Preventing Abandonment
Preventing partner abandonment means having robust governing documents which spell out the rights of the partners, including the appropriate circumstances under which a partner may derive a premium from his or her voluntary withdrawal. It also means having clear and explicit provisions in the governing documents regarding what will happen to the value associated with the abandoned interest if those rights have not been exercised.
Additionally, if the partnership is the subject of a buy-sell agreement, there should be clarity up front as to whether the exiting partner has forfeited its right to the "benefits" of the abandoned interest – i.e., its share of the going concern value – upon voluntary withdrawal versus whether it merely retained the right to receive the undistributed profits and/or liquidation value which remained after the partnership had paid its debts and obligations. If the latter , is the non-abandoned value subject to sale to the remaining partners or their designees? Will there be a discount if the partner elects to exercise his or her option to sell?

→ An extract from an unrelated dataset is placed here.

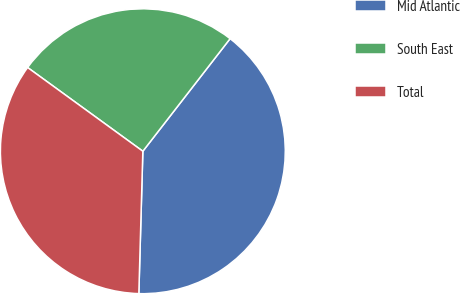<chart> <loc_0><loc_0><loc_500><loc_500><pie_chart><fcel>Mid Atlantic<fcel>South East<fcel>Total<nl><fcel>39.95%<fcel>25.49%<fcel>34.55%<nl></chart>

While an exit strategy or buy-sell arrangement may not be desirable upon the initial formation of a new partnership, upon longer-term growth and change in the partnership it must be an important on-going point for discussion. Indeed, as the partnership grows and advances, the incentives and goals of individual partners may change; the partnership documents remain static, and as a result, the partnership can be subject to exposure to an abandonment claim because of an individual partner’s disappointment, disquiet or dissatisfaction about his or her role in the partnership.